▶
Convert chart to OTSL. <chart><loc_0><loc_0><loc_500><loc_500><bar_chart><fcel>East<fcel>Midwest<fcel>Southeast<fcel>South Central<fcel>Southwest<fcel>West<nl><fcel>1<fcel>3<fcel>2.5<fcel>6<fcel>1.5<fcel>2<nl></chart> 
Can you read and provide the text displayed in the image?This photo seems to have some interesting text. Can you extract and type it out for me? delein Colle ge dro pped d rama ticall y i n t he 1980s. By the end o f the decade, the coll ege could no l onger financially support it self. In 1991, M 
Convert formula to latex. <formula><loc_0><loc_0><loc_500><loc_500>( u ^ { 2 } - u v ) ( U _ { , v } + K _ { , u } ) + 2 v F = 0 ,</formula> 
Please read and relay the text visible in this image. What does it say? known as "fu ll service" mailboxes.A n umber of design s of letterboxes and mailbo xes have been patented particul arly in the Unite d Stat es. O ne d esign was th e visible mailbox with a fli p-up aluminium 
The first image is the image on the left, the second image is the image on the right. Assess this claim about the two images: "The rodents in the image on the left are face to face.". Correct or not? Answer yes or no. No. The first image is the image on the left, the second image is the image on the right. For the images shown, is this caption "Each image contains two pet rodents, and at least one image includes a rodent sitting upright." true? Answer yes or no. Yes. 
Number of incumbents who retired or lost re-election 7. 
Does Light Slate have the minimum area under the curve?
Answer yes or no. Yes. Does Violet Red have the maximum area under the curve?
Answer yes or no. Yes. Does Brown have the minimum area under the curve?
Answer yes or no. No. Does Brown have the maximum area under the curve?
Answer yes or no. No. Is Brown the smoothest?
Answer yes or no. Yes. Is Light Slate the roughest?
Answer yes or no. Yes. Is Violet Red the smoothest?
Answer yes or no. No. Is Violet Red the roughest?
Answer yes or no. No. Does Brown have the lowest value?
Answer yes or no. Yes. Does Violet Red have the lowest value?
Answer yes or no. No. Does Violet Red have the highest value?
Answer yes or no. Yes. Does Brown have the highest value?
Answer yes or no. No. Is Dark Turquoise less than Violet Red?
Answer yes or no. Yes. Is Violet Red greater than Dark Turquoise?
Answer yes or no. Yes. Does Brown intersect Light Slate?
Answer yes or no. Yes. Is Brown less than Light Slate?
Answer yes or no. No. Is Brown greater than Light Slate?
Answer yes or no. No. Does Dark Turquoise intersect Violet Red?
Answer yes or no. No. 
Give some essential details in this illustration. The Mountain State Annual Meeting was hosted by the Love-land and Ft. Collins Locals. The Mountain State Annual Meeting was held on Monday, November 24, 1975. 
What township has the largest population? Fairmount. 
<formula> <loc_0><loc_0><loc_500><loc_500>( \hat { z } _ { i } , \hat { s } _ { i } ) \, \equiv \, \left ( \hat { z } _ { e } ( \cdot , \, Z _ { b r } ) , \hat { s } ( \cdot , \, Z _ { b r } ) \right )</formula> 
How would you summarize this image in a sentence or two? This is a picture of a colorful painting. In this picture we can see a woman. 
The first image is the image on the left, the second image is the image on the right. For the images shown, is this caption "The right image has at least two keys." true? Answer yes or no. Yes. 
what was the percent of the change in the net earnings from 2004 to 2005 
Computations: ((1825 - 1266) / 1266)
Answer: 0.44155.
◀
**WORK INSTRUCTIONS**
Beginning at the line above that contains "Answer yes or no. Yes. Does Violet Red have the lowest", return each line exactly through the line that contains "<formula> <loc_0><loc_0><loc_500><loc_500>( \hat", and no others.

**REPLY**
Answer yes or no. Yes. Does Violet Red have the lowest value?
Answer yes or no. No. Does Violet Red have the highest value?
Answer yes or no. Yes. Does Brown have the highest value?
Answer yes or no. No. Is Dark Turquoise less than Violet Red?
Answer yes or no. Yes. Is Violet Red greater than Dark Turquoise?
Answer yes or no. Yes. Does Brown intersect Light Slate?
Answer yes or no. Yes. Is Brown less than Light Slate?
Answer yes or no. No. Is Brown greater than Light Slate?
Answer yes or no. No. Does Dark Turquoise intersect Violet Red?
Answer yes or no. No. 
Give some essential details in this illustration. The Mountain State Annual Meeting was hosted by the Love-land and Ft. Collins Locals. The Mountain State Annual Meeting was held on Monday, November 24, 1975. 
What township has the largest population? Fairmount. 
<formula> <loc_0><loc_0><loc_500><loc_500>( \hat { z } _ { i } , \hat { s } _ { i } ) \, \equiv \, \left ( \hat { z } _ { e } ( \cdot , \, Z _ { b r } ) , \hat { s } ( \cdot , \, Z _ { b r } ) \right )</formula> 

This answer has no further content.